Schematic illustration of the cyclical relationships of risk elements.

      The general idea of a threat-based risk assessment was discussed in Chapter 1. The discussion of risk assessment in this chapter will focus on an asset-based risk assessment approach.

      Asset Valuation

      An asset-based or asset-initiated risk analysis starts with inventorying all organizational assets. Once that inventory is complete, a valuation needs to be assigned to each asset. The evaluation or appraisal of each asset helps establish its importance or criticality to the business operations. If an asset has no value, there is no need to provide protection for it. A primary goal of risk analysis is to ensure that only cost-effective safeguards are deployed. It makes no sense to spend $100,000 protecting an asset that is worth only $1,000. Therefore, the value of an asset directly affects and guides the level of safeguards and security deployed to protect it. As a rule, the annual costs of safeguards should not exceed the potential annual cost of asset value loss.

       Purchase cost

       Development cost

       Administrative or management cost

       Maintenance or upkeep cost

       Cost in acquiring asset

       Cost to protect or sustain asset

       Value to owners and users

       Value to competitors

       Intellectual property or equity value

       Market valuation (sustainable price)

       Replacement cost

       Productivity enhancement or degradation

       Operational costs of asset presence and loss

       Liability of asset loss

       Usefulness

       Relationship to research and development

      Assigning or determining the value of assets to an organization can fulfill numerous requirements by

       Serving as the foundation for performing a cost/benefit analysis of asset protection when performing safeguard selection

       Serving as a means for evaluating the cost-effectiveness of safeguards and countermeasures

       Providing values for insurance purposes and establishing an overall net worth or net value for the organization

       Helping senior management understand exactly what is at risk within the organization

       Preventing negligence of due care/due diligence and encouraging compliance with legal requirements, industry regulations, and internal security policies

      If a threat-based or threat-initiated risk analysis is being performed, then after the organization inventories threats and identifies vulnerable assets to those threats, asset valuation takes place.

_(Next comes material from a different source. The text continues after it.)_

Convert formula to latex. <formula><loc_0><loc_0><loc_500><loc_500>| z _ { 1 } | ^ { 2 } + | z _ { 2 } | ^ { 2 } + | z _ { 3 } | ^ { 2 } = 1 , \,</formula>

      Identify Threats and Vulnerabilities

      For an expansive and formal list of threat examples, concepts, and categories, consult National Institute of Standards and Technology (NIST) Special Publication (SP) 800-30r1 Appendix D, “Threat sources,” and Appendix E, “Threat events.” For coverage of threat modeling, see Chapter 1.

      In most cases, a team rather than a single individual should perform risk assessment and analysis. Also, the team members should be from various departments within the organization. It is not usually a requirement that all team members be security professionals or even network/system administrators. The diversity of the team based on the demographics of the organization will help exhaustively identify and address all possible threats and risks.

      The Consultant Cavalry

      Risk assessment is a highly involved, detailed, complex, and lengthy process. Often risk analysis cannot be properly handled by existing employees because of the size, scope, or liability of the risk; thus, many organizations bring in risk management consultants to perform this work. This provides a high level of expertise, does not bog down employees, and can be a more reliable measurement of real-world risk. But even risk management consultants do not perform risk assessment and analysis on paper only; they typically employ risk assessment software. This software streamlines the overall task, provides more reliable results, and produces standardized reports that are acceptable to insurance companies, boards of directors, and so on.